Ben Bernanake announced on Wednesday that he will extend his zero interest rate policy (ZIRP) to at least the end of 2014. Although the markets in the short run have responded positively to this news, continuing ZIRP in the long run is disastrous for both investors and the economy as a whole.
The meaning of continued ZIRP can represent one of three things. It can show that the Fed expects the US economy to decline again into recession. The rate extension can also imply that the current recovery from 0.7% to 3.0% annual GDP growth is so fragile that it cannot handle a twenty five basis point interest rate hike for another three years. The third and most sinister possible reasoning behind extended ZIRP is the Fed and the US Treasury deliberately trashing the dollar for political reasons. Debasing the currency artificially improves nominal GDP and nominal exports while creating a politically easy away to reduce US government debt through inflation at the expense of American savers and real wages.

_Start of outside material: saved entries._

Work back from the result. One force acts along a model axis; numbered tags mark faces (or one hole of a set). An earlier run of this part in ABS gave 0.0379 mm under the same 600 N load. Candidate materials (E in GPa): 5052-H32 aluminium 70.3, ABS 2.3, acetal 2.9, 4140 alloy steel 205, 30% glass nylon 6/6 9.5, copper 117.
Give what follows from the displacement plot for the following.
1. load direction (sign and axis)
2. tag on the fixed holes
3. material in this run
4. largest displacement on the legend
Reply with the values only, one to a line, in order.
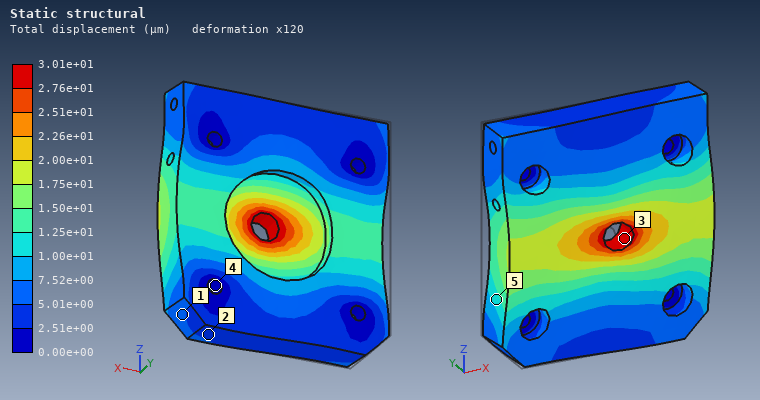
+X
4
acetal
3.01e+01 µm

Any one of these three reasons reflects is a bad long term sign for both the US economy and the stock market. It either shows the desperation of the Fed to save the US economy from imploding from debt deleveraging, or a desperate attempt to monetize their way to avoiding becoming Italy. Either sign is a bearish signal for the long run economy, as it hurts savers and the growing amount of retirees from generating interest income to spend or reinvest in the economy.
It also harms the economy due to ZIRP's long run upward drive of commodity prices, which will stimulate price inflation without wages catching up. It will also continue to putting inflationary pressure on emerging economies as many Asian and Latin American countries import inflation through pegging currencies to the US dollar. Negative real interest rates also hurt investors, because central banks send false signals to financial markets that distort the ability to use fundamental or technical analysis to make prudent investing decisions.
So what does another three years of zero interest rates mean for investors? First, volatility in equity markets will rise as monetary intervention disrupts price discovery. I believe that precious metals such as gold (GLD) and agricultural commodities (DBA) to benefit the most from lax monetary policy. Mortgage REITs such as American Capital Agency Corp. (AGNC) and Cypress Sharpridge (CYS) are also a big winner because low interest rates allow them to have spreads to continue to pay out yields above 10%.
Stock prices, on the other hand, may not end up higher because of lower rates. As seen in the chart above, interest rate cuts actually have a negative correlation to equity prices. When the economy is strong, the Fed has risen rates to prevent high inflation. Holding interest rates, on the other hand, is a signal of a lack of confidence in the US economy to grow free of government manipulation.
My price target of 1,000 on the S&P 500 (SPY) remains unchanged. Extending the time frame for ZIRP does not equal the quantitative easing that the bulls need to fuel this rally and economic indicators such as home sales, jobs claims, and the leading indicator index failed to meet expectations. Technicals are also starting to weaken for the S&P and I have added onto shorts of financials (XLF), the S&P 500, and homebuilders (XHB).
Disclosure: I am short XHB, SPY, XLF.